I think there's a bit of a mismatch in the terminology that you're
using.  I'll try to help:

On Wed, Jun 5, 2013 at 10:59 AM,  <pavankumar.p@globaledgesoft.com> wrote:
> Hi All,
>    I understand that hash generated by "sha256" is encrypted,

sha256 is a type of cryptographic hash algorithm.  It is a one-way
transformation of some data.  In this case, the hash isn't encrypted,
it just has desirable properties when acting as a strong checksum over
some dataset.

The hash passed in during setup (for the table) is the root hash of a
hash tree (also called Merkle Trees).  It is a checksum over the depth
below it in the tree which in turn is a checksum over the depth below
it, until the leaf nodes on the tree are the blocks-on-disk
themselves.  The self-checked tree structure provides transitive
integrity assurances verifiable at any time if you have the full data
set and the root hash.  It is possible to allow partial verification
of any path through the tree if the nodes along the path from the leaf
to the root are precomputed and made available.  dm-verity takes
advantage of this property to provide high performance integrity
assurances.

> but is there any way to corrupt hash value stored in hash device?

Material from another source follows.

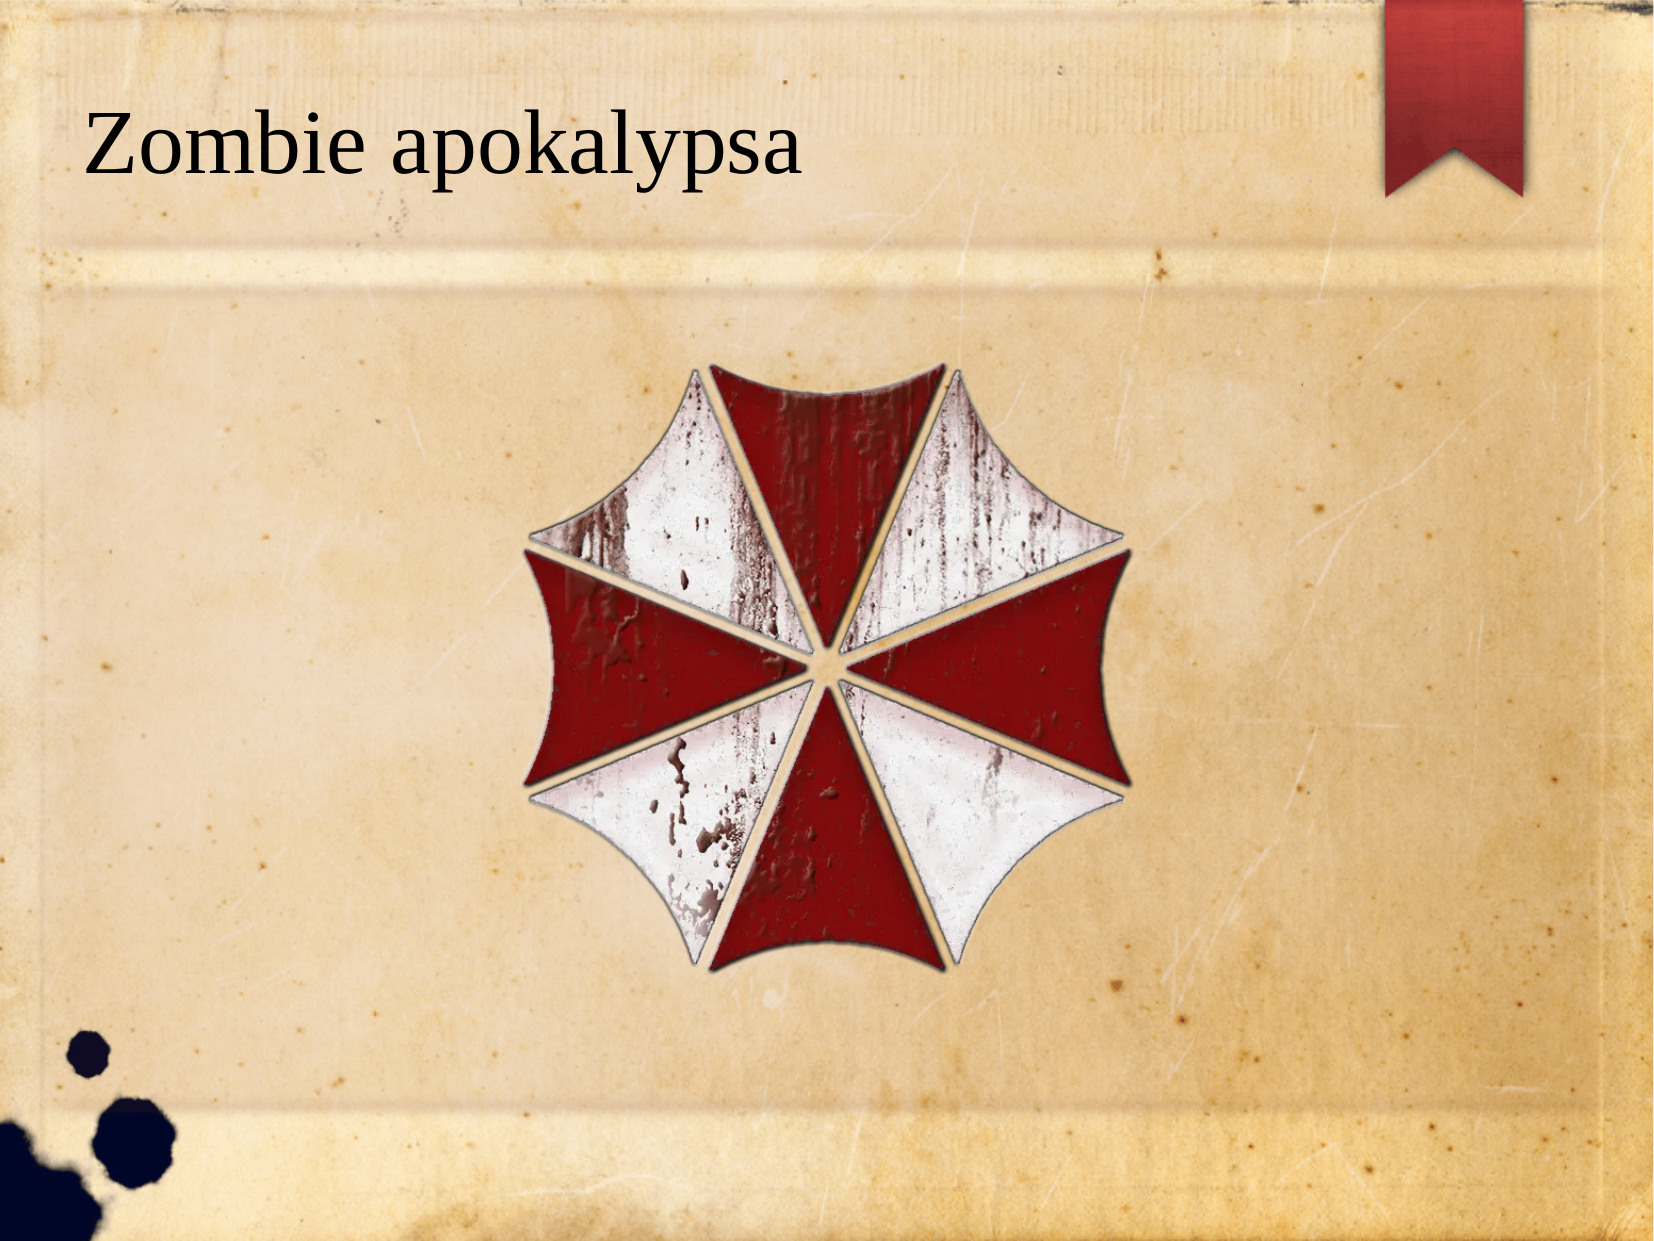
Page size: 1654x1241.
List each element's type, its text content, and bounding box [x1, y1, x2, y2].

title Zombie apokalypsa [82, 49, 1347, 237]
picture [0, 0, 1654, 1241]

The hash tree that lives on the hash device is completely untrusted.
The hash tree can easily be corrupted with 'dd' just like with the
data device. If the hash tree is corrupted, dm-verity will fail to
verify the data because it will be unable to create a verifiable path
through the hash tree from the block to the root hash that was passed
in at device setup.

> Can the hash device be protected by a signature?

Generally, you will want to protect the dm-verity table line with a
signature and not the hash device itself.  At any point you can
recompute the hash device with veritysetup.  However, the "root of
trust" for a dm-verity device is always the hash passed in during
device mapper setup.  It is ideal, then, to ensure that the hash value
and device settings are always what was expected when the dm-verity
device was created or last updated.


I hope that helps,
will

      reply	other threads:[~2013-06-06 14:41 UTC|newest]

Thread overview: 4+ messages / expand[flat|nested]  mbox.gz  Atom feed  top
2013-05-31 13:28 [Fwd: Re: DM-Verity Tool] pavankumar.p
2013-06-03 14:29 ` Mikulas Patocka
2013-06-05 15:59   ` DM-Verity pavankumar.p
2013-06-06 14:41     ` Will Drewry [this message]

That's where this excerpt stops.